2 of 191 comments (clear)

  1. Feature list by cly · · Score: 5, Insightful

    That's not a review. That's just a list of features copied from the README file or something.

    And notice that out of 10 paragraphs, 6 start with Taroon?

  2. Re:Access Control Lists suck by crmartin · · Score: 4, Insightful
    Never actually worked in an environment with confidentiality requirements, have you, bubba?

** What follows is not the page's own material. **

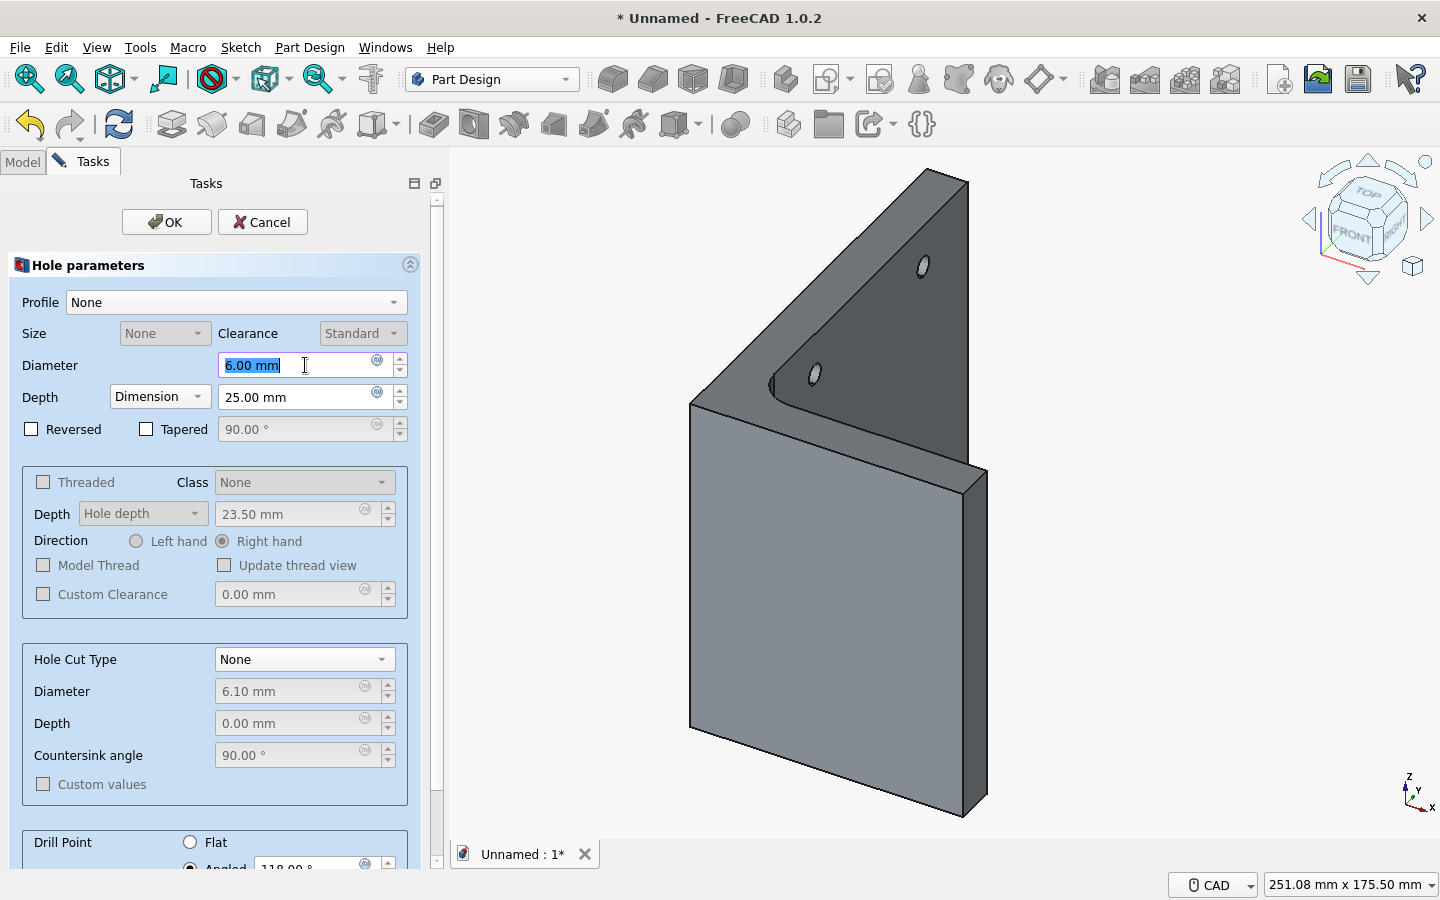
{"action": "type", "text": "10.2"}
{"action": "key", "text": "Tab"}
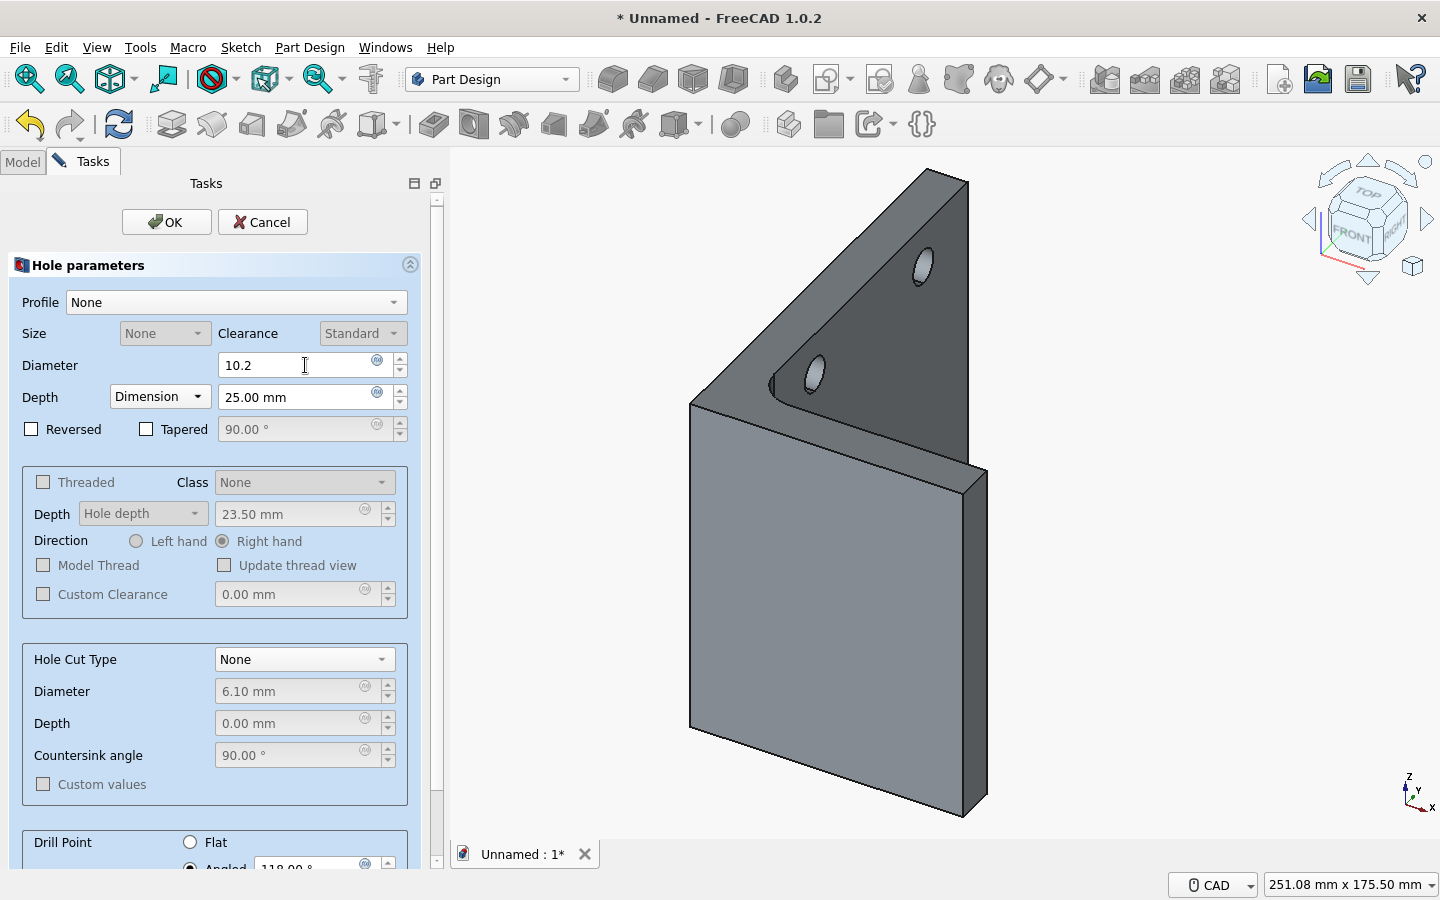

    Let's assume that you want to eliminate ACLs but still need to implement fine-grained access control (like, you want to give Ann access to payroll records, but not to bank records, while giving Barry access to the bank records but keeping him out of the payroll.) You can do it in Linux without using ACLs: you simply set up a bunch of groups for things like 'payroll' and put Ann in payroll, but not Barry, etc. If you want to make it finer-grained, you could give Ann access to payroll for hourly and Amy could have access to payroll for exempt -- you now need groups 'payroll-hourly' and 'payroll-exempt'.

    Pretty quick, you have something like

    file group user

    pay-hr.xls payroll-hourly Ann
    pay-ex.xls payroll-exempt Amy
    bank.xls banking Barry
    ...
    in which every file has with it a group, and each group has the name of the user permitted access. In fact, since it's usually a few people, not just one, who has access, you will end up with a list of people who have controlled access.

    And all without access control lists. Except for the lists of people who are allowed access.

    What an advantage!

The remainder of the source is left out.